Remember how some
Democrats blamed LGBT people's push for
marriage equality for the 2004 election results?
Perhaps gays are now owed an apology.
The effort to defeat
Virginia's proposed constitutional amendment to ban
same-sex marriage apparently pulled thousands
of progressive voters out to the polls,
sending Democrat James Webb to the U.S. Senate by
the thinnest of margins and handing the upper
chamber to the Democrats for the next two years. A
10-to-1 spending edge by gays and their allies
depressed the final majority in favor of the
amendment to 57%, a far cry from the 75% support
that has typified amendment election results in the past.
A glance at the six
most populous left-of-center counties and
urban areas tells the story.

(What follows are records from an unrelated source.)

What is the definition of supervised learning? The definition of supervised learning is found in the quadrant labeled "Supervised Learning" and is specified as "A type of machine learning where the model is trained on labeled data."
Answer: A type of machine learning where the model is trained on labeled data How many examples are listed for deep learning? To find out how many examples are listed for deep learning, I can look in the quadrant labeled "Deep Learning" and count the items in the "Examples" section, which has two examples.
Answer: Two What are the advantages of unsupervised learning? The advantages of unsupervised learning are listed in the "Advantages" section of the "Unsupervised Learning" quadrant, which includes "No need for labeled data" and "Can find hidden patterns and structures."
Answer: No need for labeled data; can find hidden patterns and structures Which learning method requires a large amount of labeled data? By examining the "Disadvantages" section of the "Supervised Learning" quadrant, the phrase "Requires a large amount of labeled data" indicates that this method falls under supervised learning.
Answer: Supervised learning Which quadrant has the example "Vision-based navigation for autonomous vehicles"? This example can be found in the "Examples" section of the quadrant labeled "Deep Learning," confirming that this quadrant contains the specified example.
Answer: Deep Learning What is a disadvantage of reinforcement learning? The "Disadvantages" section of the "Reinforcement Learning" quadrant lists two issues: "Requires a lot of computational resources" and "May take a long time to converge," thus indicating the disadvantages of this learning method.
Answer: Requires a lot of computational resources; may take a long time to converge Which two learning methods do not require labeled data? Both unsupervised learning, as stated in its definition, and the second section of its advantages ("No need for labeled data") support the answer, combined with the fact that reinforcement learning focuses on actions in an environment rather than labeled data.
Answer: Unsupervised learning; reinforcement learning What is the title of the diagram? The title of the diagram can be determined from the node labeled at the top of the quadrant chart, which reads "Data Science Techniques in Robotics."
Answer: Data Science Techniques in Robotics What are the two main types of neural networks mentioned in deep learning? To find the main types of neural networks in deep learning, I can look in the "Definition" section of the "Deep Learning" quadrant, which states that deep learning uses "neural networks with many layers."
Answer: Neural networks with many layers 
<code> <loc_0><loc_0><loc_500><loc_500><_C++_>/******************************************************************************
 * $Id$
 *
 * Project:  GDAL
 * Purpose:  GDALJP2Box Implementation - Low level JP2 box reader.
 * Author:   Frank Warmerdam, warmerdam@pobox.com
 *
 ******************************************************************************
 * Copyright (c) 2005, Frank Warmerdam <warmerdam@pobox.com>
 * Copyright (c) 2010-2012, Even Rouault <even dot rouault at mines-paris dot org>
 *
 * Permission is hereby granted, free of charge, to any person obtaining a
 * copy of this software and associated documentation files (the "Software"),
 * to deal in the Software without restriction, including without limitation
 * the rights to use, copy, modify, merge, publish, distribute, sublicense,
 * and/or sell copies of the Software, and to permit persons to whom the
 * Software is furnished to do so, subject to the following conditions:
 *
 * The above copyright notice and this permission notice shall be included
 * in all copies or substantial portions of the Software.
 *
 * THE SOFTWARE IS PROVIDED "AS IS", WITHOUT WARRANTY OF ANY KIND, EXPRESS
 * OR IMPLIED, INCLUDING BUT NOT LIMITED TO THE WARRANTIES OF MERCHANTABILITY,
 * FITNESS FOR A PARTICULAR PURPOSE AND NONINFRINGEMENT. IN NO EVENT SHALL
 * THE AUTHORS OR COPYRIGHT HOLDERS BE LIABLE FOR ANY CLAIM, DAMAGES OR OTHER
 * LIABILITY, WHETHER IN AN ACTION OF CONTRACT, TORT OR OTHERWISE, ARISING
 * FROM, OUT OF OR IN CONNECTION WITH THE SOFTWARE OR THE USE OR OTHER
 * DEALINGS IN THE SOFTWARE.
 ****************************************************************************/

Roughly 588,000
people voted on the marriage amendment in these
regions, with nearly 60%, or about 350,000,
people voting no. The other two relatively
uncontroversial ballot measures passed handily. But
they passed without the participation of
roughly 25,000 voters who weighed in on the marriage
amendment but took no stand on the other questions
one way or another.
Did those voters also
vote for James Webb? It appears they did. Webb
won the six regions 64%–36%, taking 377,000
out of 593,000 Senate votes cast in these locations.
Statewide, Webb beat
incumbent George Allen 1,175,606 to 1,166,277,
a difference of fewer than 10,000 votes.